Please copy the listing that follows exactly, leaving out any pictures.

**** DATA BELOW

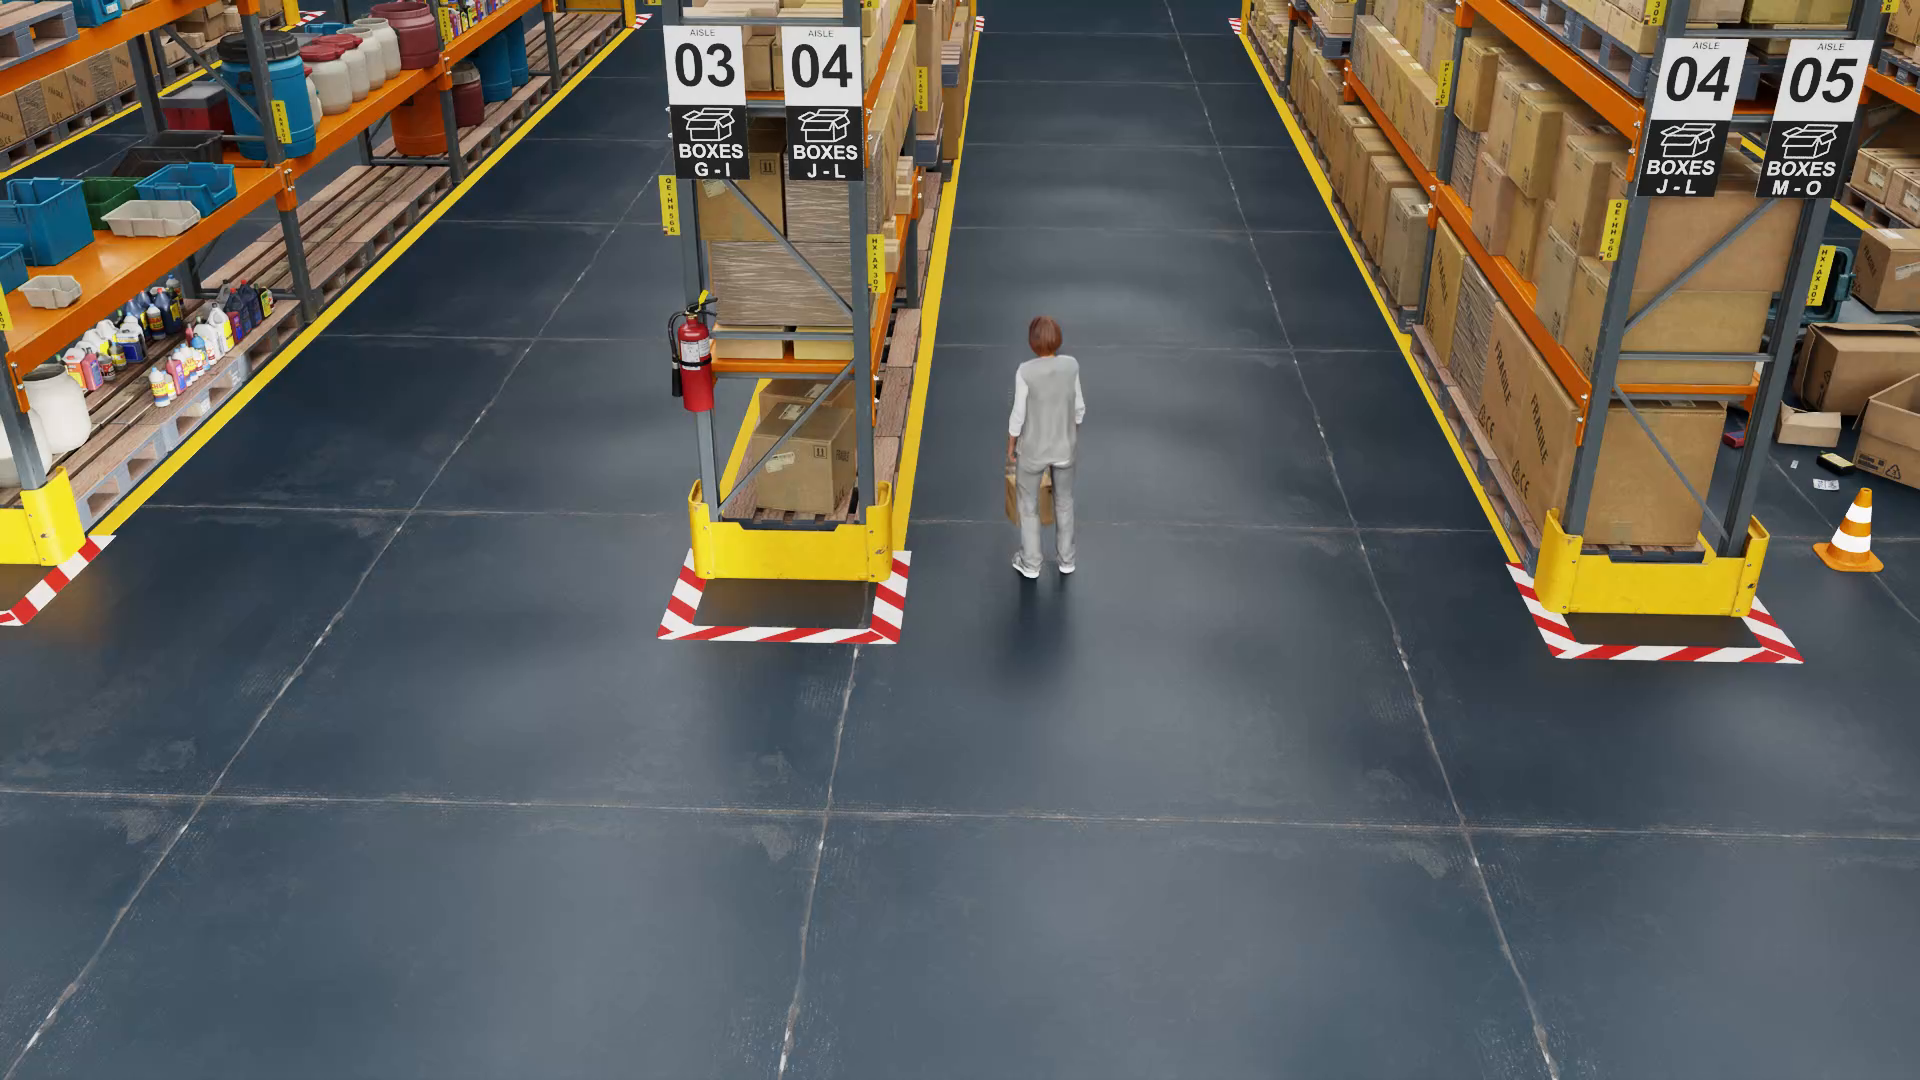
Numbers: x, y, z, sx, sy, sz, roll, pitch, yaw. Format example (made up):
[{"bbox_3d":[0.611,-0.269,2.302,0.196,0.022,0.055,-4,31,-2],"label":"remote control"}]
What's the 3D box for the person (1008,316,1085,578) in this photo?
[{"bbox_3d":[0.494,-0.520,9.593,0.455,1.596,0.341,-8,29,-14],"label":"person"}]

********

▶ RESPONSE BOX:
Numbers: x, y, z, sx, sy, sz, roll, pitch, yaw. Format example (made up):
[{"bbox_3d":[0.611,-0.269,2.302,0.196,0.022,0.055,-4,31,-2],"label":"remote control"}]
What's the 3D box for the person (1008,316,1085,578) in this photo?
[{"bbox_3d":[0.494,-0.520,9.593,0.455,1.596,0.341,-8,29,-14],"label":"person"}]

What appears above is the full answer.